Published: 28 July 2009

Abstract

Background

It is well known that the pattern of linkage disequilibrium varies between human populations, with remarkable geographical stratification. Indirect association studies routinely exploit linkage disequilibrium around genes, particularly in isolated populations where it is assumed to be higher. Here, we explore both the amount and the decay of linkage disequilibrium with physical distance along 211 gene regions, most of them related to complex diseases, across 39 HGDP-CEPH population samples, focusing particularly on the populations defined as isolates.
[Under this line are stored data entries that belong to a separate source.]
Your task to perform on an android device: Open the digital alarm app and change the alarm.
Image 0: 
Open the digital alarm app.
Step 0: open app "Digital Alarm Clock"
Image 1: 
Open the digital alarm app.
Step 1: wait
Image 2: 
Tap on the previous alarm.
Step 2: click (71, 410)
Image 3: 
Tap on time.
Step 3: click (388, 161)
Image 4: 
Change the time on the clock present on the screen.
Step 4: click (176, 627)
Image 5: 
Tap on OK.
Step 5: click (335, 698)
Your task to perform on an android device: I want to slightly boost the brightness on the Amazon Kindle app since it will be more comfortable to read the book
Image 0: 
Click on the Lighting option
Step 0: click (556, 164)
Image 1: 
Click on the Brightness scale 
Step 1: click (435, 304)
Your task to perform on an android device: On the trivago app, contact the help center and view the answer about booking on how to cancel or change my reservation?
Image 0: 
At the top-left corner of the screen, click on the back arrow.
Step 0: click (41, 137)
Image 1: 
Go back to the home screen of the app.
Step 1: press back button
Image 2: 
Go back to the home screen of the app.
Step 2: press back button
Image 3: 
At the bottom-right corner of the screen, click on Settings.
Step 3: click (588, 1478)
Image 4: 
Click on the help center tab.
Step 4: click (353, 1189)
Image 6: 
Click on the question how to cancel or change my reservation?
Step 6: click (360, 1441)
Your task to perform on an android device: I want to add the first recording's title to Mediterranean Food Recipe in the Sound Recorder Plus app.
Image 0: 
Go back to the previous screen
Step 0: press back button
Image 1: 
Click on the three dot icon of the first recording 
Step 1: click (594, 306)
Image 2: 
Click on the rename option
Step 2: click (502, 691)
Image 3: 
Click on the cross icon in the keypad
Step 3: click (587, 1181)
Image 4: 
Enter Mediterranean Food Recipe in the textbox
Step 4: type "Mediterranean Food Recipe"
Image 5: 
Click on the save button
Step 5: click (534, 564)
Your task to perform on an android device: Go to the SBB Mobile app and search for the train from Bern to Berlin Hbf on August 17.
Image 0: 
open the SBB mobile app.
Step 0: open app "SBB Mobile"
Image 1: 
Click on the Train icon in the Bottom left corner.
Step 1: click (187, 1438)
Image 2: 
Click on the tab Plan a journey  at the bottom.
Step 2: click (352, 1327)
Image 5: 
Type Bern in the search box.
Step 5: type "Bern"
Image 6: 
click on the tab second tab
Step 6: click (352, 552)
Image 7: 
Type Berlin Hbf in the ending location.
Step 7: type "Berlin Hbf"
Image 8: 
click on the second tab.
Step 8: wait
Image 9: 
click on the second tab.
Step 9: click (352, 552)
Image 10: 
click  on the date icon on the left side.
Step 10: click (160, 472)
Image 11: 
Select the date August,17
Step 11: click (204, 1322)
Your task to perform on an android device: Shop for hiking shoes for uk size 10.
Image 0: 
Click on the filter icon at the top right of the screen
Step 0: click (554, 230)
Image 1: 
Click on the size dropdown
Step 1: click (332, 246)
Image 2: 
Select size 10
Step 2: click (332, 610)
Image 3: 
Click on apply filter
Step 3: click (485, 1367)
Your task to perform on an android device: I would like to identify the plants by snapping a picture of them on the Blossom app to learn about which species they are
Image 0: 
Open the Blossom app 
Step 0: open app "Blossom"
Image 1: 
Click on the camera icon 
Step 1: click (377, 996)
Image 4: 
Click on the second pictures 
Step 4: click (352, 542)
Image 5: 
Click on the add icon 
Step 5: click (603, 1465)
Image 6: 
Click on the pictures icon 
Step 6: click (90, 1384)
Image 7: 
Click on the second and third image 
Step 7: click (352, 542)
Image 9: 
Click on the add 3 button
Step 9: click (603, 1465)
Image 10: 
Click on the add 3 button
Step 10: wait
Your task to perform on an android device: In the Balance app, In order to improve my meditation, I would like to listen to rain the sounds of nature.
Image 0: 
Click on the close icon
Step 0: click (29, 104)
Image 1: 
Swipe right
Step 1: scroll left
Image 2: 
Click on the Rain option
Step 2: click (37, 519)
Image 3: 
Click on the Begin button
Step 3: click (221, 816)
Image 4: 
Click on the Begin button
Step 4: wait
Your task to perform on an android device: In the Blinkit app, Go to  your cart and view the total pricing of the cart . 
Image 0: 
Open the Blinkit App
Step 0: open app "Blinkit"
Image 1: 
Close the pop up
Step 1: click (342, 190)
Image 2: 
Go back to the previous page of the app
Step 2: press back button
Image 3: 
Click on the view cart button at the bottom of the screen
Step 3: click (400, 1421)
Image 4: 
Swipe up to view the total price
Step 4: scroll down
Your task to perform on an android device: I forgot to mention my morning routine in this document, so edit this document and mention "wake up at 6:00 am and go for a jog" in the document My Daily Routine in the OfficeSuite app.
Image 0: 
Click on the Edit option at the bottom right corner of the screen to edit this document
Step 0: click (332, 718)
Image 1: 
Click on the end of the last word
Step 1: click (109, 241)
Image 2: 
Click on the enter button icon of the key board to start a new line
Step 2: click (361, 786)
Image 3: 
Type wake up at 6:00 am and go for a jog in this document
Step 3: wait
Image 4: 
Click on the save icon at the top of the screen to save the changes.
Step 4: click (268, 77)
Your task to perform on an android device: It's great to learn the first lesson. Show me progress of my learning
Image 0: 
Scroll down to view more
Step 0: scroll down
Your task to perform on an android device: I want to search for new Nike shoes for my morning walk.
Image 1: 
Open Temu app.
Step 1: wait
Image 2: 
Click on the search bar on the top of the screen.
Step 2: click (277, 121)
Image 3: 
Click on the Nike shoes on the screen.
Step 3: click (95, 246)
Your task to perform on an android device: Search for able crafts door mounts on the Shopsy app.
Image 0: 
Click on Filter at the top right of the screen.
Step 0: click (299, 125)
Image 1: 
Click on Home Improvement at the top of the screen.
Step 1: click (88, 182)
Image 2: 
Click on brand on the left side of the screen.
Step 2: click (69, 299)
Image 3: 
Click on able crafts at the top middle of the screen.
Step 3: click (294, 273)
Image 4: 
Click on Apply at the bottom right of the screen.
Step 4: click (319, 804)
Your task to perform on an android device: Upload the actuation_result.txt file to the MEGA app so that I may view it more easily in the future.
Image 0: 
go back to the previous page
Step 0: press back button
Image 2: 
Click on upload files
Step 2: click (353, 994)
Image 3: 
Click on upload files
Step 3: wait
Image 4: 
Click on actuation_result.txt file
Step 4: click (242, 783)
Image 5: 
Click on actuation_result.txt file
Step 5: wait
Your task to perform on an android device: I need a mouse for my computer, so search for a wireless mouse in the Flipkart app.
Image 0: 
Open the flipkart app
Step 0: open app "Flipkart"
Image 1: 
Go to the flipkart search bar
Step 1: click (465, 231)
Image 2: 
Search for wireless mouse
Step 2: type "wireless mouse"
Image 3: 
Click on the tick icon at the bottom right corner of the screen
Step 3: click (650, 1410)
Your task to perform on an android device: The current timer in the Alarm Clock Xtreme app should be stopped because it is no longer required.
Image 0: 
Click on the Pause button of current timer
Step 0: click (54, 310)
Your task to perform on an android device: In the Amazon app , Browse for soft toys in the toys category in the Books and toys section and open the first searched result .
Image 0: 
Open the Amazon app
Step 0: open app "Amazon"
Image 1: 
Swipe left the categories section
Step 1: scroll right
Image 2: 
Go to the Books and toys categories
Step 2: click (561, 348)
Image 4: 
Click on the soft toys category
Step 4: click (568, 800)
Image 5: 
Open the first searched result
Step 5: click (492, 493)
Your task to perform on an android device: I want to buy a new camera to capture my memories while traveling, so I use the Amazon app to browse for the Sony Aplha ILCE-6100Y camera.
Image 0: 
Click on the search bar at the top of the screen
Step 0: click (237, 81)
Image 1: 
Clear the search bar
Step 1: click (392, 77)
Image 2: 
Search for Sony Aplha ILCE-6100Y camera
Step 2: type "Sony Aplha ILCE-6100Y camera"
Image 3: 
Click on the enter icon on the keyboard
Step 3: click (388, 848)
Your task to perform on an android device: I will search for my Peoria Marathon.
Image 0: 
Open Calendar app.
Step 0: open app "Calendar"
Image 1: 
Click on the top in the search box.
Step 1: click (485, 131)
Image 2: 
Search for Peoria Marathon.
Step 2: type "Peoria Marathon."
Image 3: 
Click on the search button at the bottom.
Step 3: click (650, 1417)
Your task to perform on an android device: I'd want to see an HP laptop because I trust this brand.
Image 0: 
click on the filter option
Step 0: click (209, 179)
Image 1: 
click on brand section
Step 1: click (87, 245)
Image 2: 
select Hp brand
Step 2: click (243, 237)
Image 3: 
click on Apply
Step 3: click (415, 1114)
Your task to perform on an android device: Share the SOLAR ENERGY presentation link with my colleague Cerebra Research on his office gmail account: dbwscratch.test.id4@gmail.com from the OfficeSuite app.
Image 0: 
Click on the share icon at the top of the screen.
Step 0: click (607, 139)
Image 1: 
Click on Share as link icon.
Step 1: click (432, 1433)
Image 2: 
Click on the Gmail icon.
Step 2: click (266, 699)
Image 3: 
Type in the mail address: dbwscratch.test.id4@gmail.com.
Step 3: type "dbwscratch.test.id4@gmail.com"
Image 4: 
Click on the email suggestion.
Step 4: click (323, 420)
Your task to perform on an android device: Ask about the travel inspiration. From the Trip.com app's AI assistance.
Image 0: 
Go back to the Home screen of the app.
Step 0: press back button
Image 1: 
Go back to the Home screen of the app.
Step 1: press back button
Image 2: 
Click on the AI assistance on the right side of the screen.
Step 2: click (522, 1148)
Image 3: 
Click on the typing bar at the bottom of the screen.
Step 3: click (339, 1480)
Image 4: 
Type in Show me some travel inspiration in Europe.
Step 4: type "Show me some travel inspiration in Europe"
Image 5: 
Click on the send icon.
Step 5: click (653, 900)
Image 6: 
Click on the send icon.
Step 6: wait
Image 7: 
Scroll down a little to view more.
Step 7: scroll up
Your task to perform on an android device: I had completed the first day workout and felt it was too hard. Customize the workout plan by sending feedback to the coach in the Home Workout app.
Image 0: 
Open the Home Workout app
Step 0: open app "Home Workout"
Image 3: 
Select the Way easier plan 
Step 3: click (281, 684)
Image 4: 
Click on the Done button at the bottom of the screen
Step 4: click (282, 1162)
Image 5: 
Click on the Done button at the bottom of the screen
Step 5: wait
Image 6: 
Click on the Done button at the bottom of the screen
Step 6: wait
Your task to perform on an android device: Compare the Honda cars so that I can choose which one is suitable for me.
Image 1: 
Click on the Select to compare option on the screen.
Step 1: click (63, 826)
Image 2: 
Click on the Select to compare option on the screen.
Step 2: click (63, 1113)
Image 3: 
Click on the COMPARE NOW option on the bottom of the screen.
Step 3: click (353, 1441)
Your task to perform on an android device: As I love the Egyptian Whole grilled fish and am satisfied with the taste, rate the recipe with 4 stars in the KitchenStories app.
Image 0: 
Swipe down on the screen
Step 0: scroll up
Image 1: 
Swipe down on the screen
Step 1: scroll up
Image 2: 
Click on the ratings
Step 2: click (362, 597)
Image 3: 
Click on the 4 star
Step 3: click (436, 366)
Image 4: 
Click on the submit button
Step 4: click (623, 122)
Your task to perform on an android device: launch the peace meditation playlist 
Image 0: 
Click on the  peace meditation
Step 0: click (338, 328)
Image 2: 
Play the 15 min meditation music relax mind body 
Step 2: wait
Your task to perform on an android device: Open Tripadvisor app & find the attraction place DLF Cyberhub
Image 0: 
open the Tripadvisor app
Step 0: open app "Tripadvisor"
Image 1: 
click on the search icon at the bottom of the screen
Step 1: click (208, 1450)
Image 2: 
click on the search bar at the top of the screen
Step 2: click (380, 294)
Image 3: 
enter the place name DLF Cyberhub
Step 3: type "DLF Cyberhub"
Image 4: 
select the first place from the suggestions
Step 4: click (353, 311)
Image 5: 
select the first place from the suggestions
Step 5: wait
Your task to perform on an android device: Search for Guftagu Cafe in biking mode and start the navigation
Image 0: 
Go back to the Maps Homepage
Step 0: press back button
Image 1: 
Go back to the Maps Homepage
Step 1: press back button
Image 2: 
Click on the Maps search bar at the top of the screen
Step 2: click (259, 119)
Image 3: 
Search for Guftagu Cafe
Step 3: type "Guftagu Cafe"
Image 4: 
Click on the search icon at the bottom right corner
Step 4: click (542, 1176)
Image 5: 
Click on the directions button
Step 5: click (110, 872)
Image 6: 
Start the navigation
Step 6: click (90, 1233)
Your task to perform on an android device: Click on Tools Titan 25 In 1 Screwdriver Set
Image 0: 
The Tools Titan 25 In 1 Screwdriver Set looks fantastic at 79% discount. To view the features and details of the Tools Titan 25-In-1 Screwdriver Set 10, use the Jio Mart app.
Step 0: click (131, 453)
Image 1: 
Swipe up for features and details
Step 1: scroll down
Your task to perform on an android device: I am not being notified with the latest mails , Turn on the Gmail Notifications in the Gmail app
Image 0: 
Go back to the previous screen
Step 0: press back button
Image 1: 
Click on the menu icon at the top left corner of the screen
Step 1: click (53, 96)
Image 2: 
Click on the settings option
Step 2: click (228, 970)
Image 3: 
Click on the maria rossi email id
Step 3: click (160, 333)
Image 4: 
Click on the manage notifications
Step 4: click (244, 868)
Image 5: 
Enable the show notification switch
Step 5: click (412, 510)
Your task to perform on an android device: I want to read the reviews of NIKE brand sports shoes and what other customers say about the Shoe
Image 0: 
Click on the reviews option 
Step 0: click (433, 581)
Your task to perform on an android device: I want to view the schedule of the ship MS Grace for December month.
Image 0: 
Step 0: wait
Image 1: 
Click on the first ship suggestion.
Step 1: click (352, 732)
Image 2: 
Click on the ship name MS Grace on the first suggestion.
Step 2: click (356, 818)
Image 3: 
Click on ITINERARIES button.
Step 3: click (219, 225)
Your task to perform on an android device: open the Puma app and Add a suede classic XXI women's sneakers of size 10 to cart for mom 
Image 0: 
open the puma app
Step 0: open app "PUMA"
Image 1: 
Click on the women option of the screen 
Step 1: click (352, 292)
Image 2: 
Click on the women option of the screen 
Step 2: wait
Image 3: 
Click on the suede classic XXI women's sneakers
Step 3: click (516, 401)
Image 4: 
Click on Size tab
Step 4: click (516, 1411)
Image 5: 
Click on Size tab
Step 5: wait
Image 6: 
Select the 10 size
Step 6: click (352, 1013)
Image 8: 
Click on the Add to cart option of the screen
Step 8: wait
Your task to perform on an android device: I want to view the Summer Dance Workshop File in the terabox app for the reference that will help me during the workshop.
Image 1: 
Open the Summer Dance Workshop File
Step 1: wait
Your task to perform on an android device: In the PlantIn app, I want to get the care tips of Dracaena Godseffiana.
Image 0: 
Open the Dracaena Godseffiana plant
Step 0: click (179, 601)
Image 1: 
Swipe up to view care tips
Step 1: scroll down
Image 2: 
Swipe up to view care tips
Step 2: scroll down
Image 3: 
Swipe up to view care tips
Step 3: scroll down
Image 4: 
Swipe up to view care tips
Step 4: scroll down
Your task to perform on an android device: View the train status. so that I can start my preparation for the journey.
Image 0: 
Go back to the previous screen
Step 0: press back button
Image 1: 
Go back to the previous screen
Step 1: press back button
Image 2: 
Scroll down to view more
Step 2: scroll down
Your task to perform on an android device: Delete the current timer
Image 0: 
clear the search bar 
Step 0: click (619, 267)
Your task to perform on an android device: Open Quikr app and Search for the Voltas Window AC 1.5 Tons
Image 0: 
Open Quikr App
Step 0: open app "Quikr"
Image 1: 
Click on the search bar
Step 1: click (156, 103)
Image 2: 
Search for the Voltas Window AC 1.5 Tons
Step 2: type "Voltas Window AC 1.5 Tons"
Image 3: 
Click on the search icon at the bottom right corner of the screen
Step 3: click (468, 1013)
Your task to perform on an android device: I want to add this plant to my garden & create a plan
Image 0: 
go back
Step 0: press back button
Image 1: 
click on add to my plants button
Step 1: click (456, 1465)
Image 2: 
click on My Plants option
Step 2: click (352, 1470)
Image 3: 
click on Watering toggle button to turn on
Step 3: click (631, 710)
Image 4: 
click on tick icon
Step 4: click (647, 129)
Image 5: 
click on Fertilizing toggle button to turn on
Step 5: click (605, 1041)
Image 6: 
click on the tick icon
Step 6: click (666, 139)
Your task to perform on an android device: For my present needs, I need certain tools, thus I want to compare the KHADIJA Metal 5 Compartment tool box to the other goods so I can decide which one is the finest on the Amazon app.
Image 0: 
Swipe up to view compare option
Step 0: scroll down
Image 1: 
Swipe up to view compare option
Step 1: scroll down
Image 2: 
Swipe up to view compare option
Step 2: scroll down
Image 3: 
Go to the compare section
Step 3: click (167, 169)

Within each gene region and population we use r2 between all possible single nucleotide polymorphism (SNP) pairs as a measure of linkage disequilibrium and focus on the proportion of SNP pairs with r2 greater than 0.8.

Results

Although the average r2 was found to be significantly different both between and within continental regions, a much higher proportion of r2 variance could be attributed to differences between continental regions (2.8% vs. 0.5%, respectively). Similarly, while the proportion of SNP pairs with r2 > 0.8 was significantly different across continents for all distance classes, it was generally much more homogenous within continents, except in the case of Africa and the Americas. The only isolated populations with consistently higher LD in all distance classes with respect to their continent are the Kalash (Central South Asia) and the Surui (America). Moreover, isolated populations showed only slightly higher proportions of SNP pairs with r2 > 0.8 per gene region than non-isolated populations in the same continent. Thus, the number of SNPs in isolated populations that need to be genotyped may be only slightly less than in non-isolates.

Conclusion

The "isolated population" label by itself does not guarantee a greater genotyping efficiency in association studies, and properties other than increased linkage disequilibrium may make these populations interesting in genetic epidemiology.